Banging so furiously that he had to shout to make himself heard, Lizzard shouted: … “Common ownership of the means of production!”

Remembering that if you were “common” you spat on the floor, picked your nose, scratched yourself, and slept with your socks on, I. Small said, firmly: “Means, yes! Common, no!”

“The social system——” said Lizzard, scraping away with a rasp, “the social system——”

“—Listen,” said I. Small, gravely. He had a hazy memory of policemen with big moustaches arresting Socialists. “Listen, Lizzard, don’t use that word in this house.”

“What word? Repeat it to me!”

“Social,” whispered I. Small.

“Another lackey of the bourgeoisie, eh?”

“Say it in English, Lizzard.
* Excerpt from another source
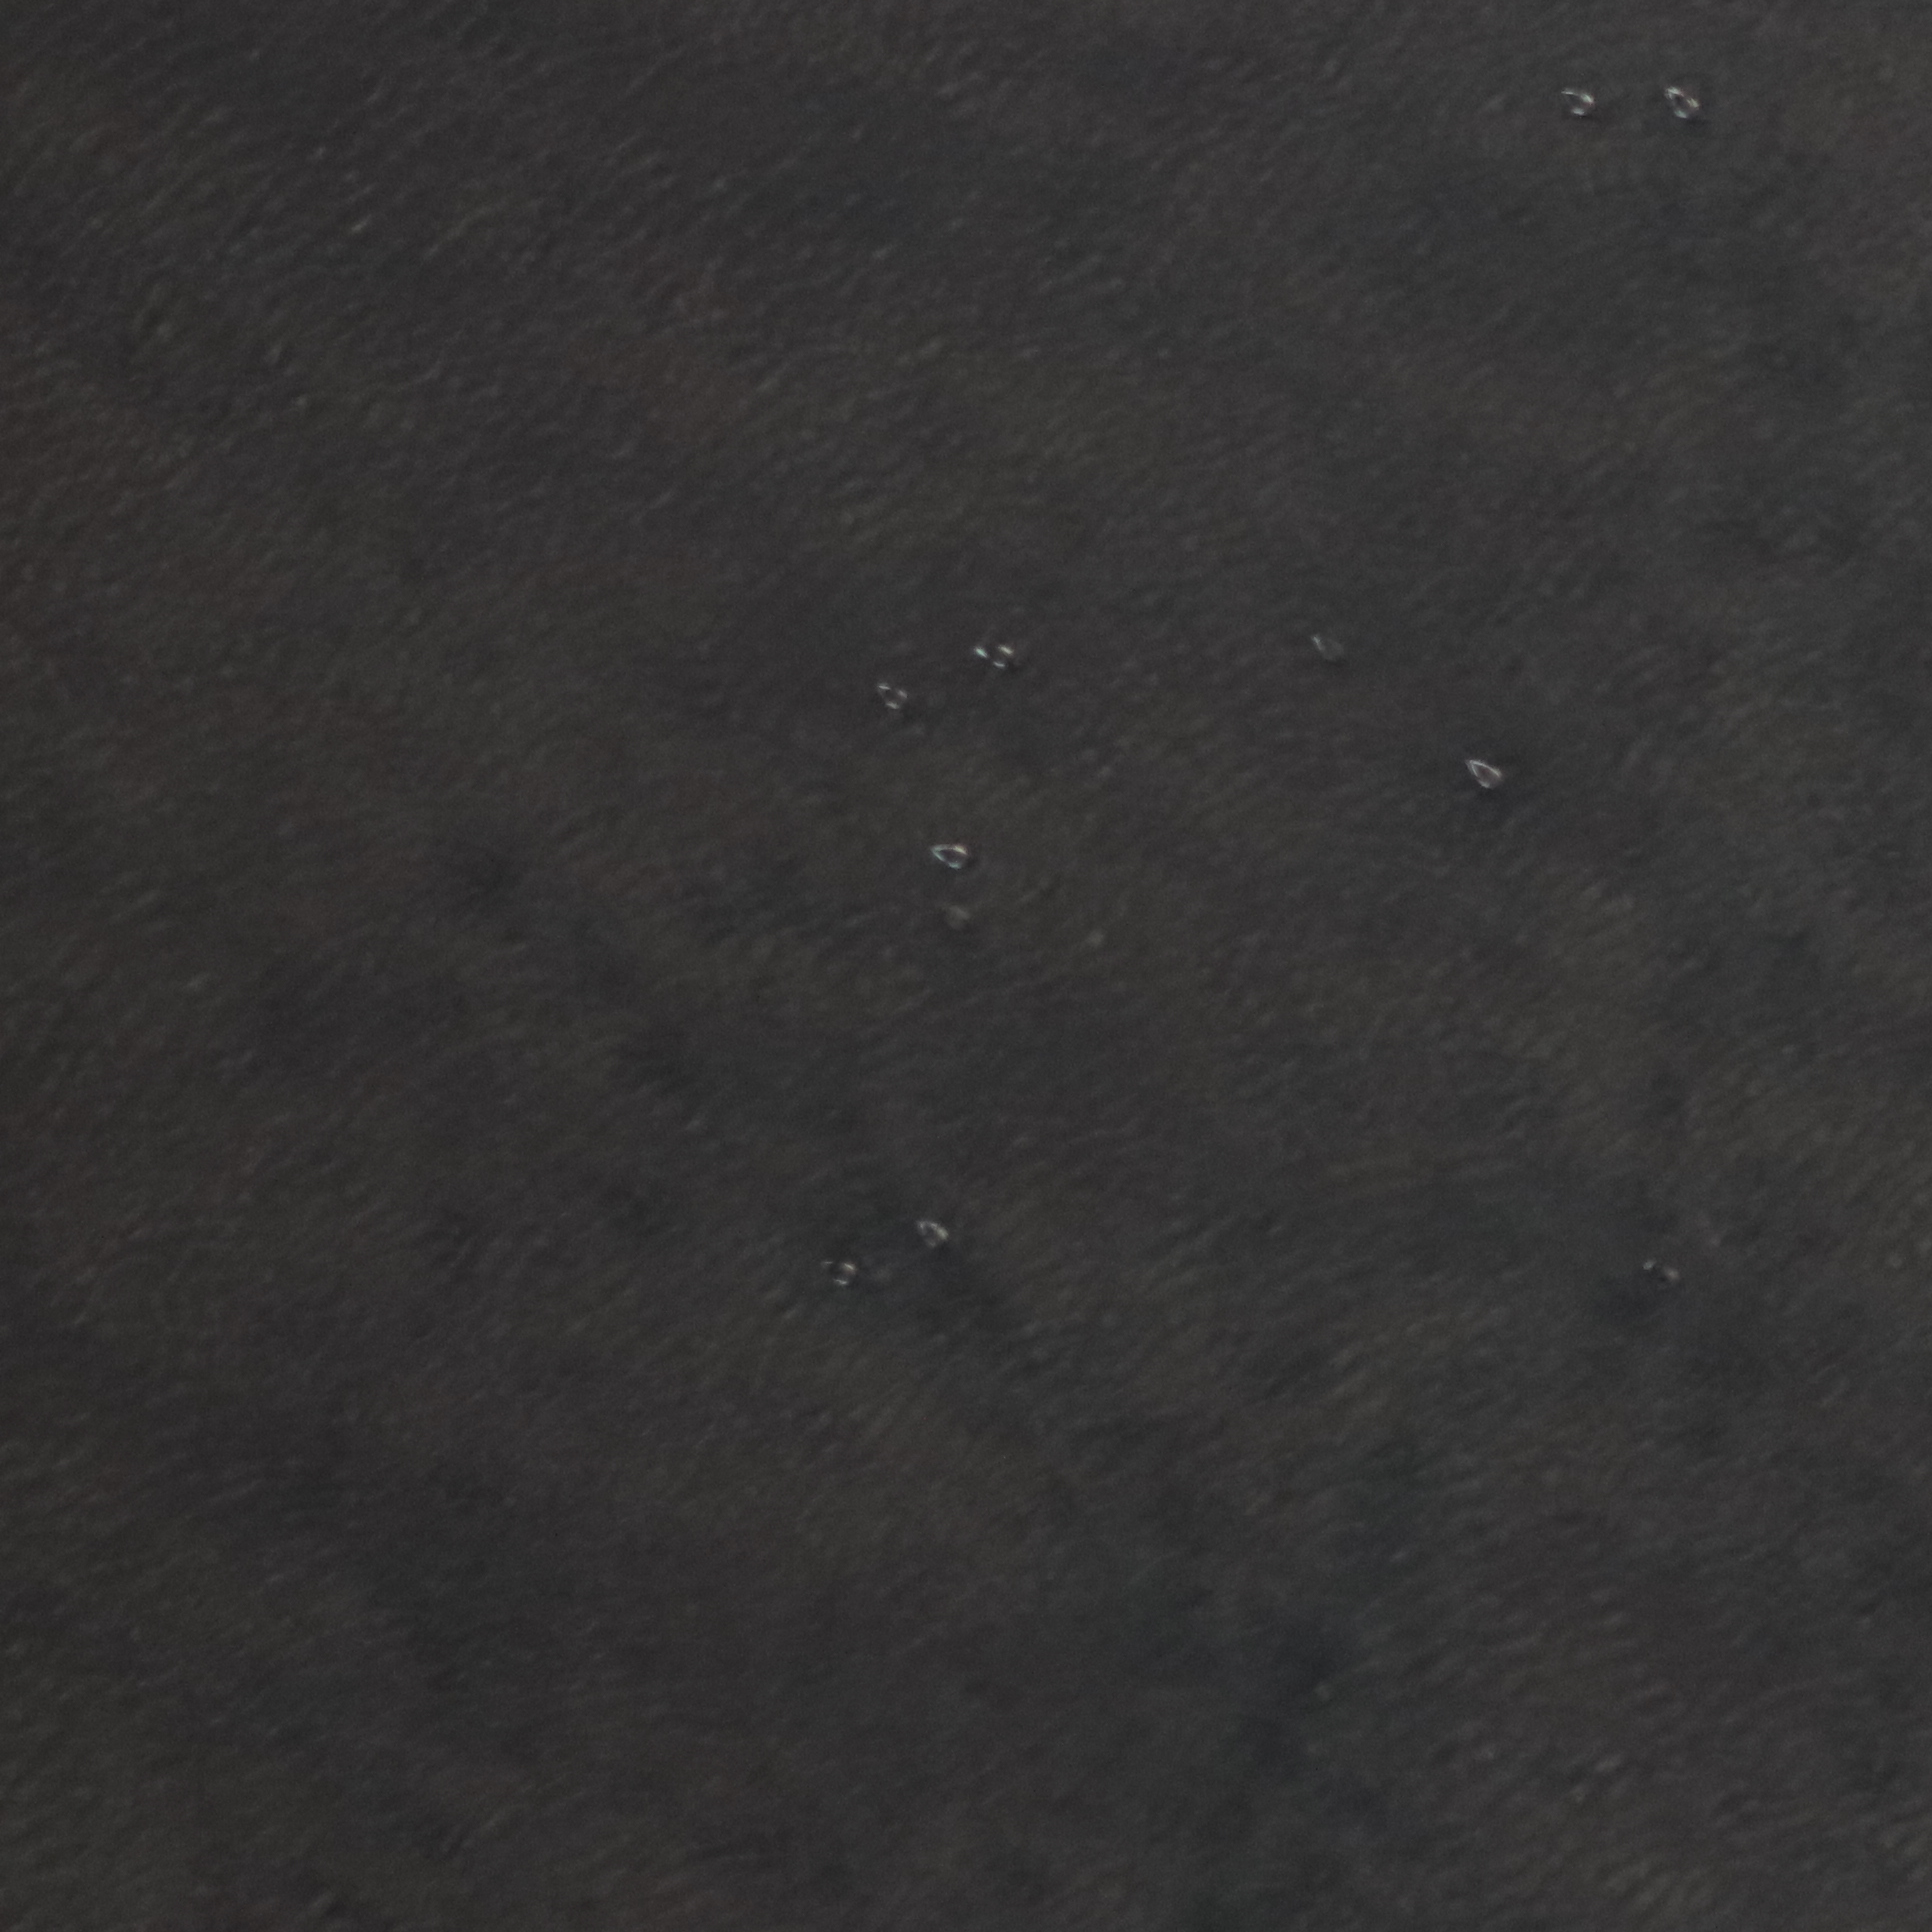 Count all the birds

11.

I haven’t had your education. I don’t talk French. You’re in England now, not in France.”

“The ruling classes——”

A bell tinkled upstairs. I. Small put on his coat and hurried out of the underground workshop, pausing only to say: “Mind you, Lizzard, you’re not bleddy far wrong about my chain to lose, but did I asked you to poke your bleddy nose into my business? It’s
my
chain. Get on with your work!”

Yet he was influenced by the erudition and the eloquence of Lizzard. Sometimes, after supper, reading the evening paper, he looked up and said portentously: “Aha! So that’s what they are, the ruling classes!” Or: “Um-um! The skepter of War is haunting Europe already!” Or: “More taxes! My last chain they want to take away from me! The time has come not to talk, Millie,
not
to talk the time has come!” Once, reading a headline:
Facts
In
The
Mexican
Case,
he shouted: “Do you see? Facts! Face them!”

Now, throwing down a wire spike-file of bills, he said, “Face facts, Millie, whatever else you do.”
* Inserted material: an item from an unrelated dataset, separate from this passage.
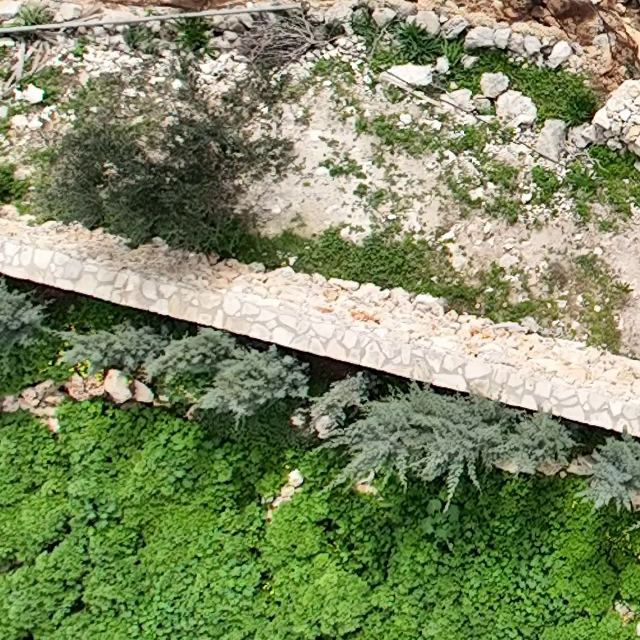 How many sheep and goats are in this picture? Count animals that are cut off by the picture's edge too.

3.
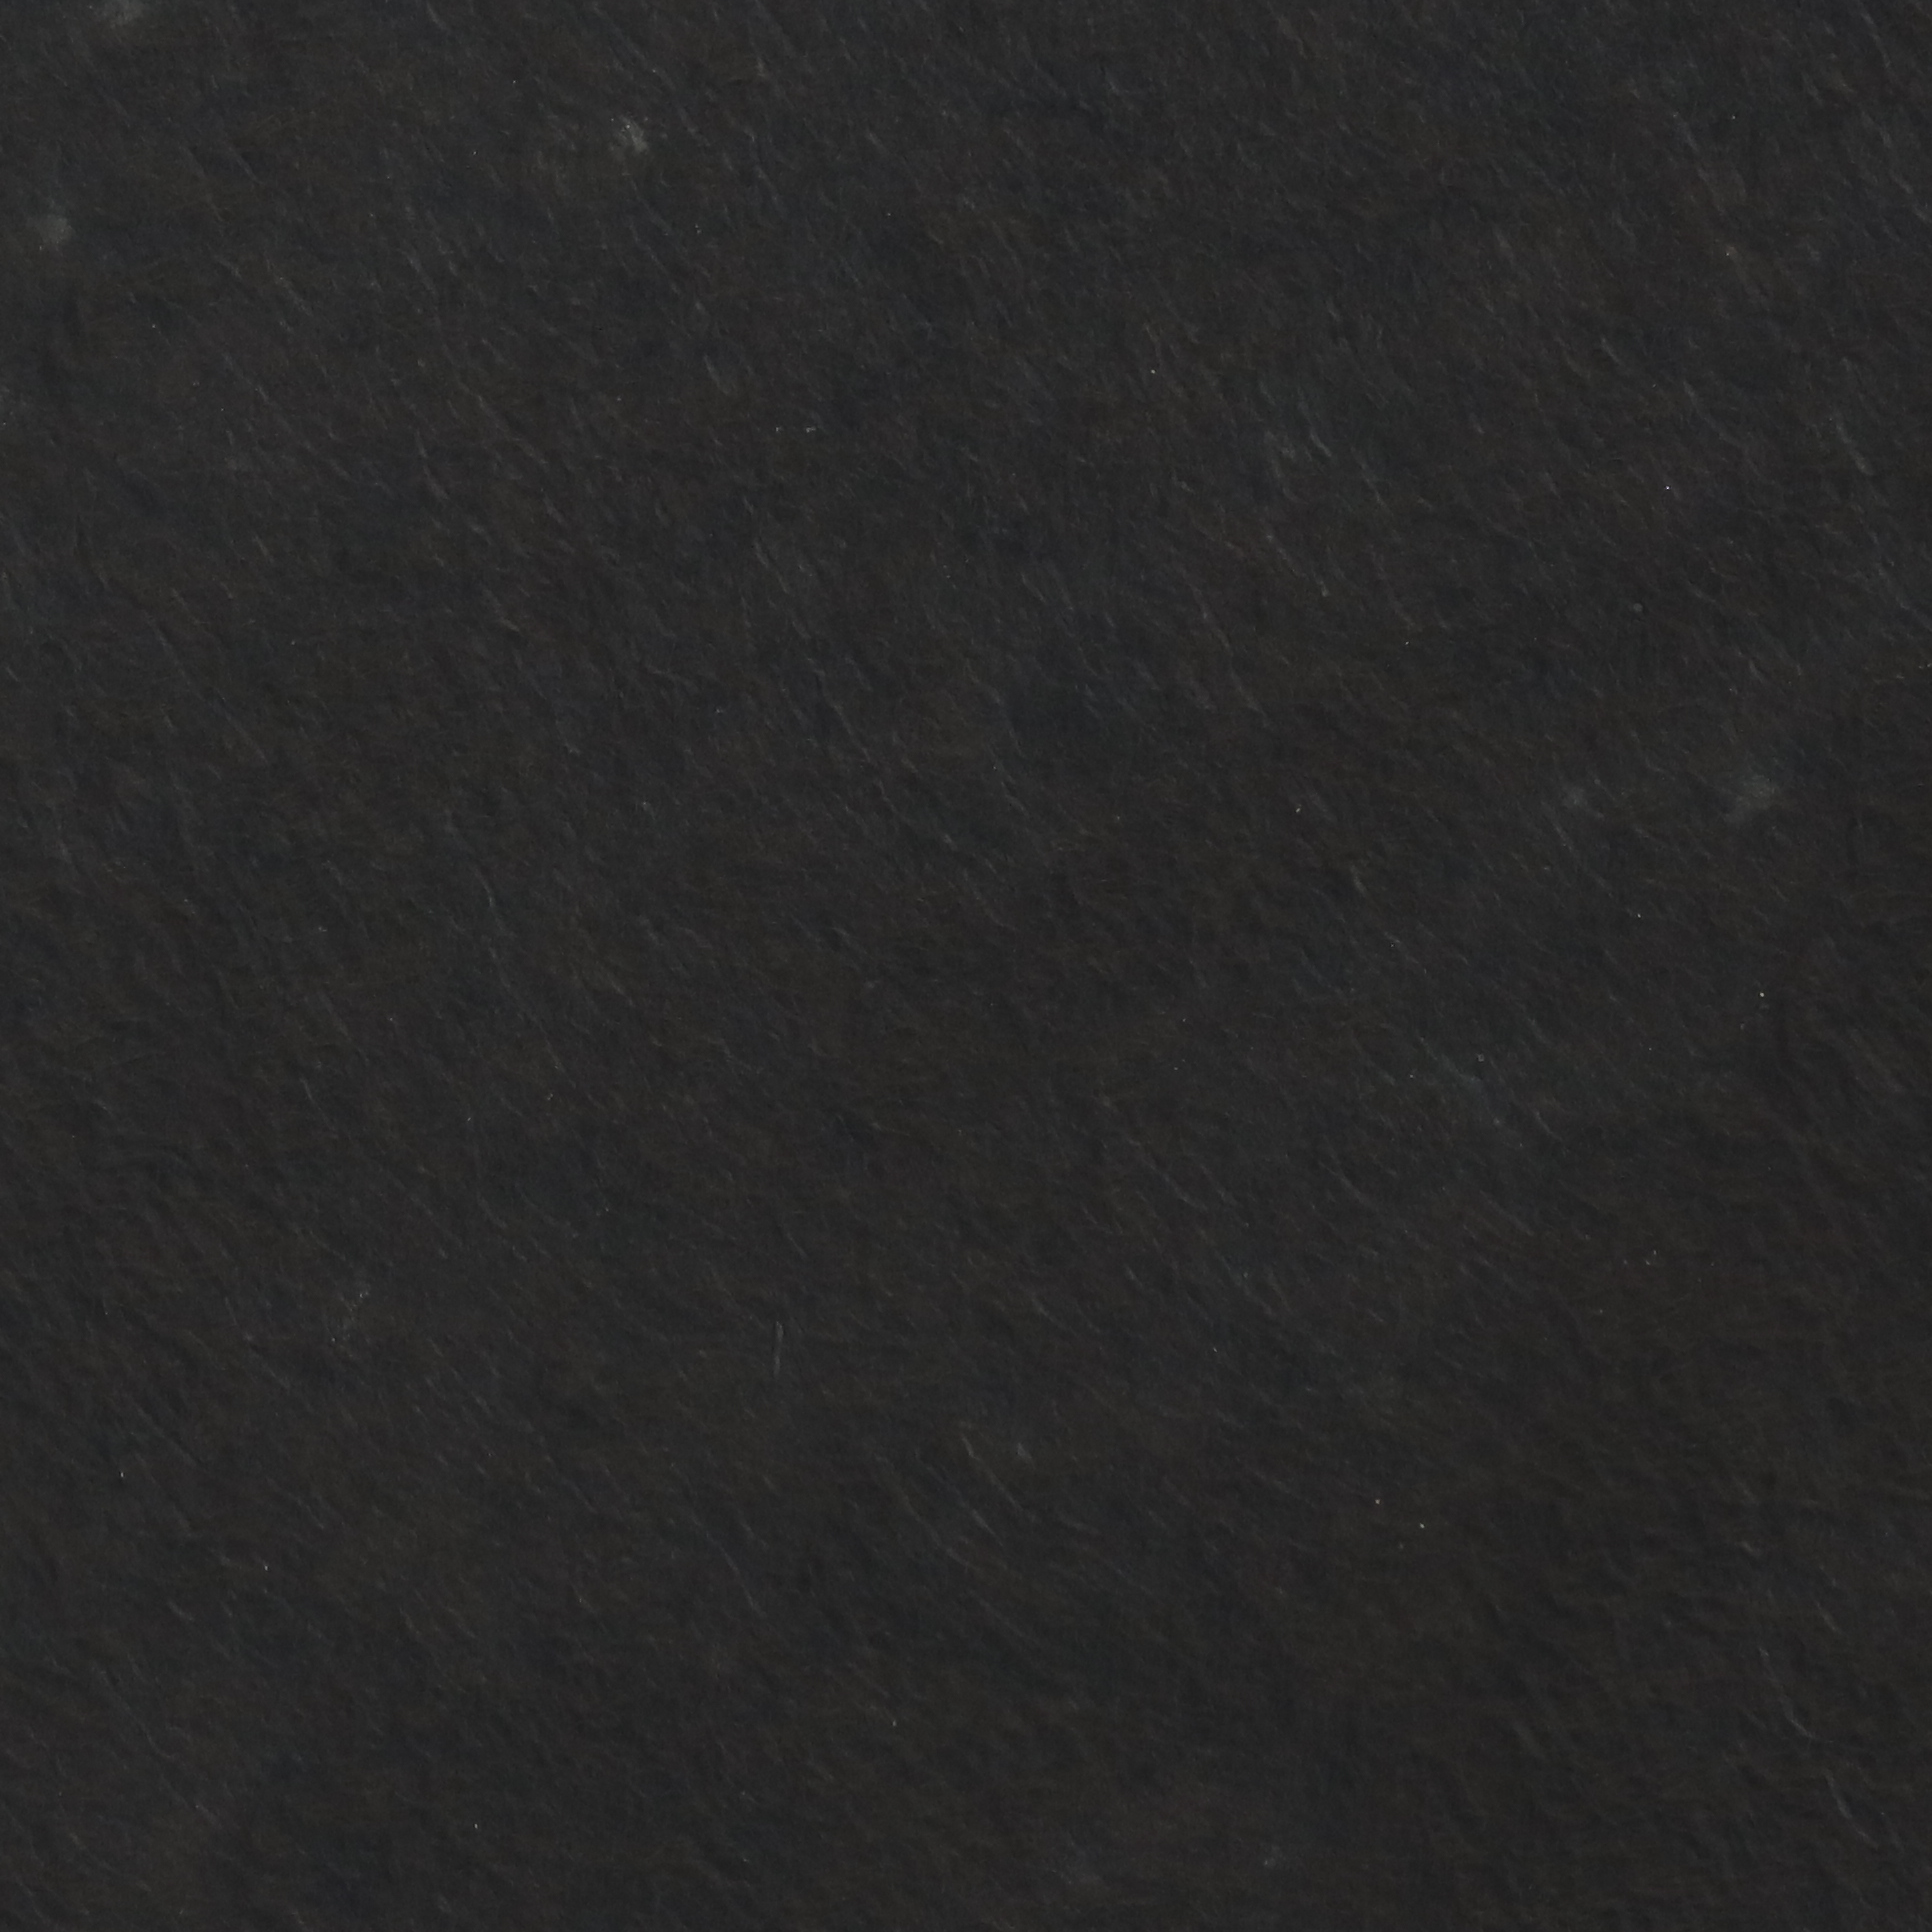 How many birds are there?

0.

Then he twisted and pulled his coppery moustache until it was taut as a telegraph-cable and said: “Well, Millie, I’m sorry to say I done my best. I done my best, I’m sorry to say. Now what I’m going to do goodness only knows. Rent, rates, taxes, gas, milk, bread, and here’s for £8.10s. leather. And stock—stock! Oi! The plumber, 25s.——”
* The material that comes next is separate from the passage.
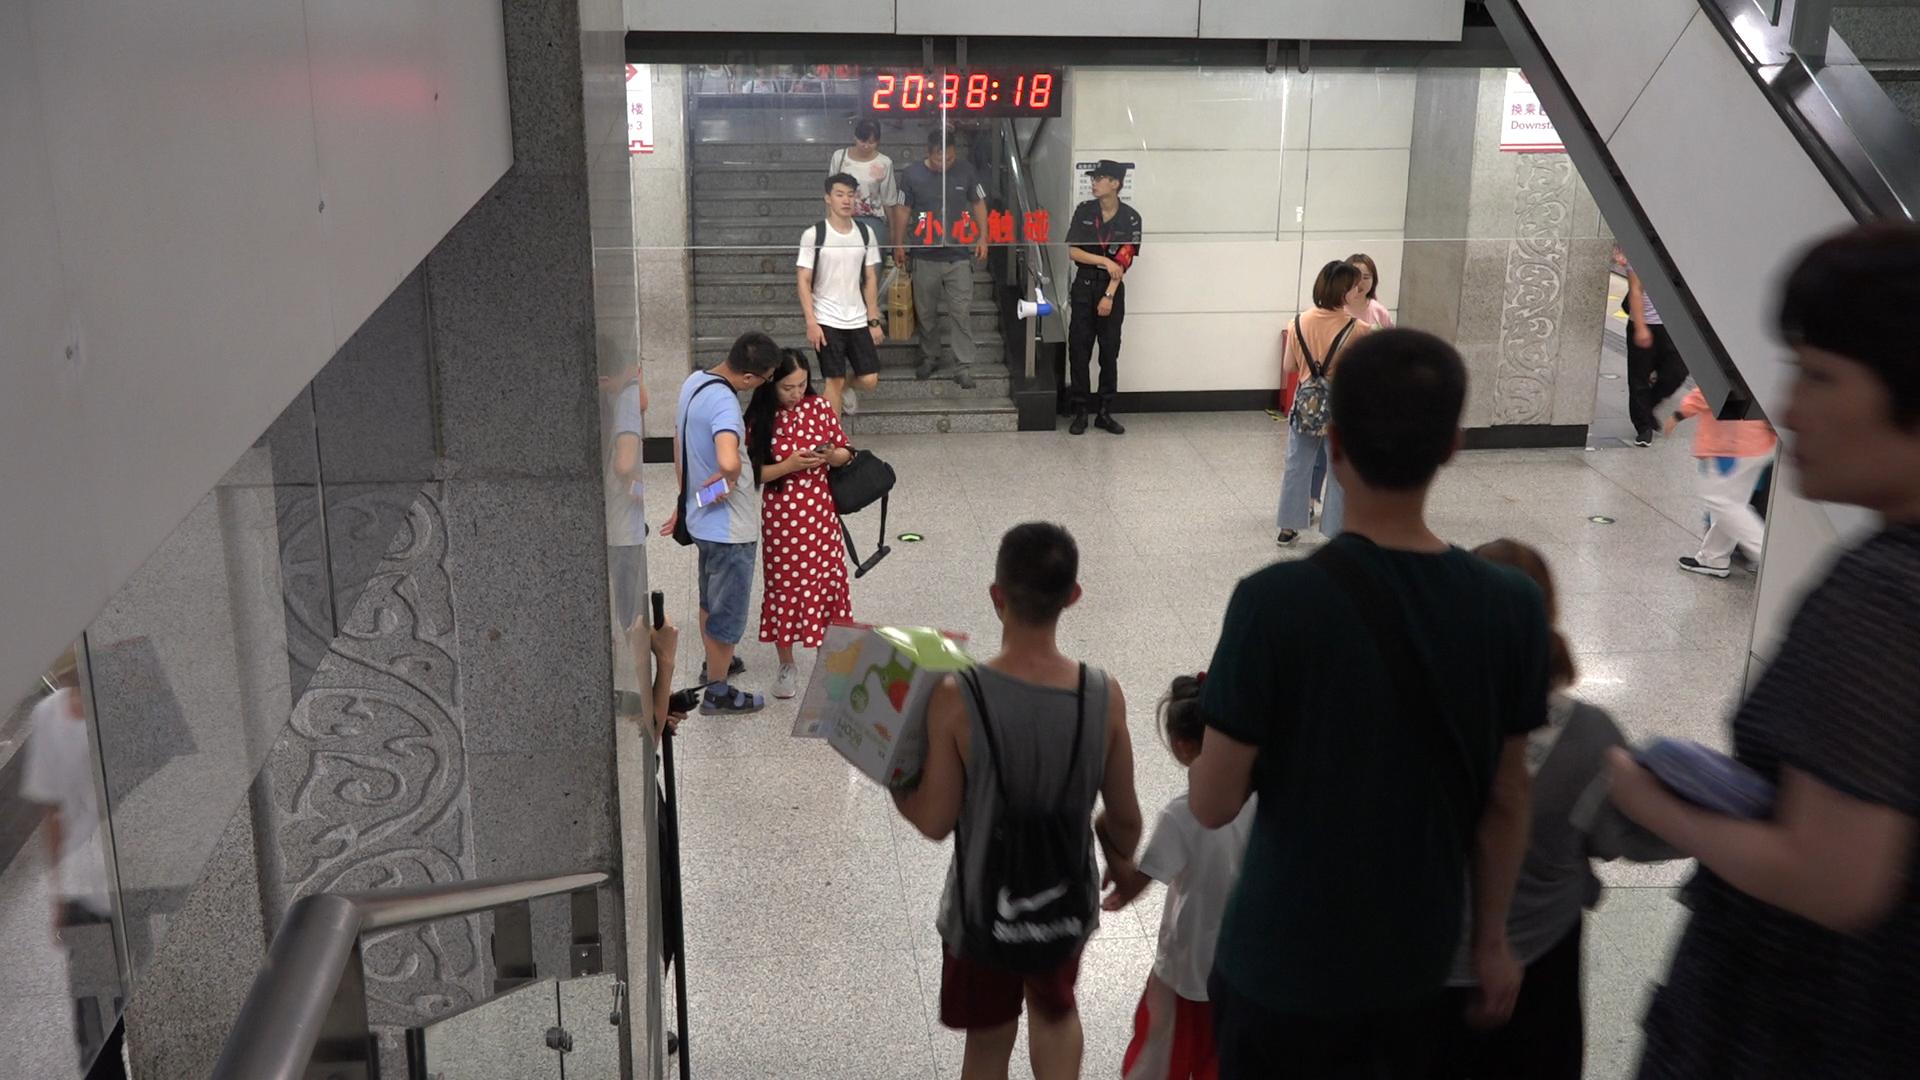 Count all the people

“—And whose fault was that?”

“Beggar the bleddy fault, you, me, him, her, it, that—whatever it is—a pipe bursts, so what does she want I should do? Drownd myself?”

“So that’s what he is.”

“So what’s what he is, beggar it? Listen, Millie, the business is a failure.”

“Whose fault is that, Srul, answer me—whose fault?”

“Face facts,” said I. Small.

Tragically, Millie said: “It’s my fault, it’s all my fault, I made a mistake. I thought I could make something of you. It’s
my fault. It was a mistake. You can’t make a purse out of a sow’s ear. Well, you can’t lie down and die. You must
do
something. What do We owe?”

“Nearly a hundred pounds.”

“And what have we got?” asked Millie, with terrible calm.

Loosening the fourth button of his Waistcoat, I. Small pulled out his massive gold watch-chain—the sort of chain they used to call a Double Curb Albert. It was an impressive chain, worthy of a ponderous repeater; but one end of it was clipped to a
five-shilling
Waterbury watch, and from the other there hung a little gun-metal matchbox. Having detached the watch and the matchbox I. Small let the chain fall on to the table and said: “
Na!
—I got nothing but my chain to lose.”

“What are we going to do? To have to go and ask Father for money—I’m so ashamed!”

“Who’s asking her father for money?” screamed I. Small kicking the sofa.

Millie wept copiously. Her body was shaken by sobs of such violence that I. Small thought of a careless washerwoman shaking a half-wrung sheet. She writhed and twisted, with a dull slapping and a slow intermittent hissing, while drops of dirty water seemed to sprinkle the table, as she cried: “I knew it would come to this…. I knew it would come to this…. Oh what are we going to do, oh what are we going to do? What is going to happen to the children?”

Now, I. Small, humiliated and angry, started to say
Beggary!
—but, being of a compassionate nature, and seeing that his wife was genuinely wretched, he stopped himself short at the first syllable, so that he said: “Beg——”

“That’s all he’s fit for. To beg,” said Millie, gathering to her bosom her five-year-old son and her two-year-old daughter. “Get him a barrel organ—buy him a monkey—that’s what he wants! Here——” she held out little Priscilla at arm’s length. “Take her, go on, take her out into the street, hold your hat out and cadge for coppers. Oh oh, oh!”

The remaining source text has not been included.